Шепот гремучей лощины

22
18
20
22
24
26
28
30

Она не увидела, она снова отвернулась к печи.

– Я приготовила вам отвар. Зосимович распорядился. А еще Шура обещала принести вам варенные яйца. Уж не знаю, где она их раздобыла в этой глуши.

– Спасибо, я не голоден.

Он и в самом деле не чувствовал ни голода, ни той изнуряющей жажды, с которой боролся все эти дни. Он чувствовал себя хорошо. Впервые за долгое время.

Украдкой, чтобы не заметила Лидия, он сдвинул повязку, разглядывая свои раны. Раны не просто затягивались, они уже затянулись. Еще один повод для Зосимовича помечтать о статье для медицинского журнала. Еще один повод для всех остальных удивиться его невероятной живучести.

– Где мои вещи? – спросил он вежливо. – Лидия Сергеевна, верните, пожалуйста, мою одежду.

– Вам нельзя! – Лидия уже не возилась у печи, Лидия смотрела на него с мягким укором, как когда-то смотрела тетя Оля.

– Мне можно. – Он улыбнулся своей самой обаятельной улыбкой. И улыбки эти, и он сам обычно нравились женщинам, но Лидия не была обычной женщиной. Она не улыбнулась в ответ. Зажав в зубах шпильку, она быстро и ловко убрала свою роскошную гриву в строгий пучок и сказала: – Ваше выздоровление идет очень быстро, но все же…

– Мне нужно выйти. – Григорий не желал слышать вот эти «но».

– Зачем?

– Затем. – Он посмотрел на нее многозначительно, и ее бледное лицо залила краска смущения. – Я больше не нуждаюсь в няньке, уважаемая Лидия …

– Я не нянька…

– Простите, вы сестра милосердия, этакий милосердный ангел, но мне нужно побыть одному.

Какое-то мгновение казалось, что она его не выпустит, станет на дороге, кинется грудью на амбразуру.
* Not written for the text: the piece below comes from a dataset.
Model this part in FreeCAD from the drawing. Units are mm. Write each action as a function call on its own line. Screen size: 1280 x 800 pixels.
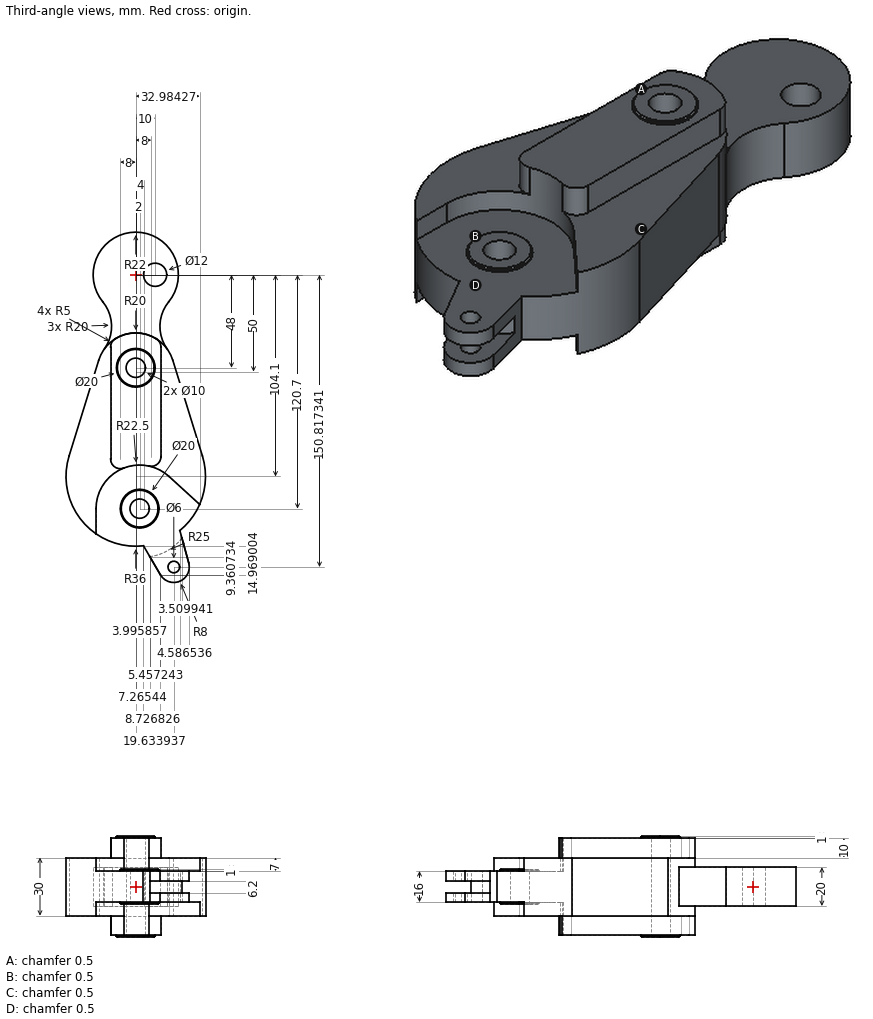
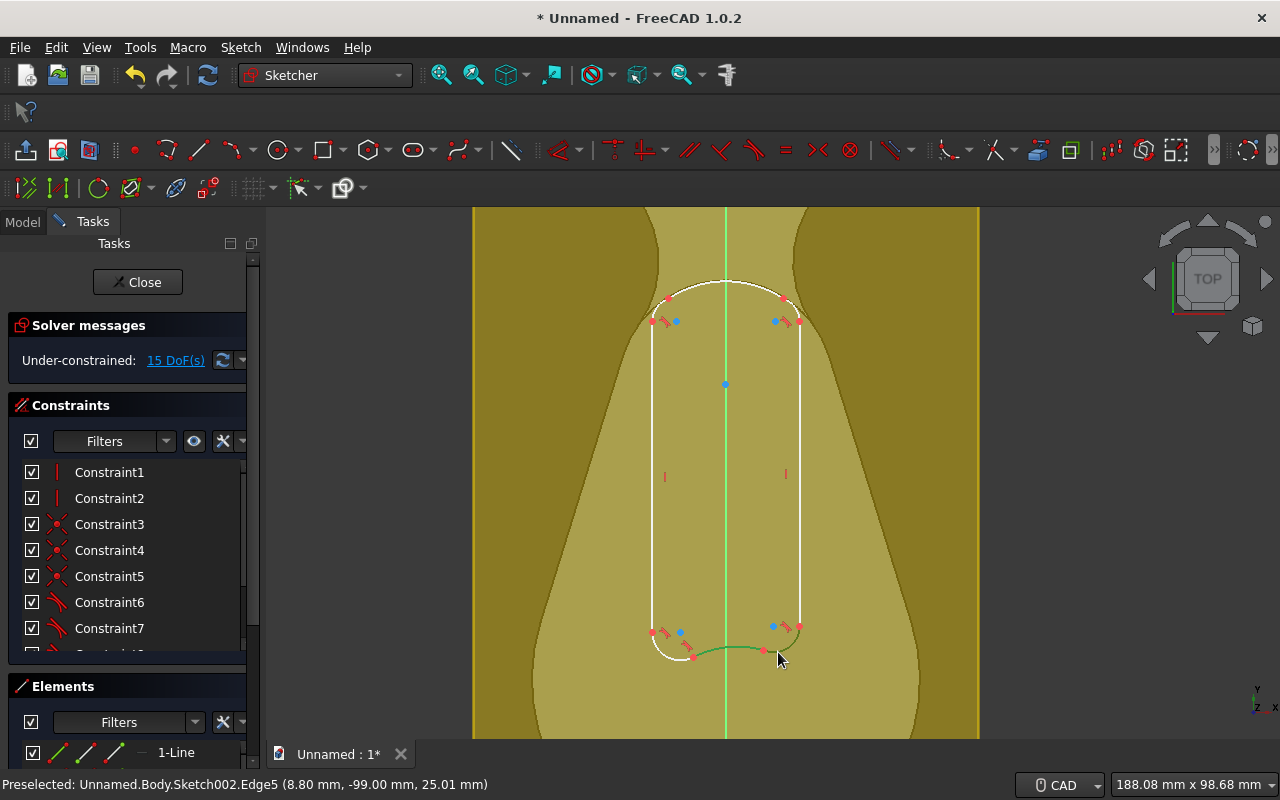
click(754, 150)

Не встала и не кинулась, нырнула за печь, а вынырнула с его одеждой. Значит, не вынесла, а спрятала, когда он спал.

– Вот! – Аккуратная стопка легла на кровать рядом с Григорием. – Там на гвозде висит телогрейка, – сказала Нина ровным, даже равнодушным тоном. – Наденьте ее, чтобы не простудиться. И вот сапоги.

Сапоги она прятала на печи. Эх, знал бы, не пришлось гулять босиком!

Григорий торопливо сунул грязные ноги в сапоги, накинул телогрейку, в кармане которой прятал папиросы. Из лазарета он вышел, аккуратно прикрыв за собой дверь, но далеко не ушел – присел поблизости на старый пень, закурил.

Стало совсем хорошо! Жизнь заиграла новыми красками. Интересно, как долго он сможет продержаться? Насколько дней – или часов – хватит ему этой заемной жизни? И что будет, когда она закончится? Он снова начнет смотреть на людей, как на добычу, и ненавидеть себя до глубины души, которой, возможно, уже и нет?

– Поживем – увидим, – буркнул Григорий себе под нос, глубоко затягиваясь папиросой.

– …Что говоришь? – послышалось у него за спиной. И как он не услышал, как не предугадал появление Власа?!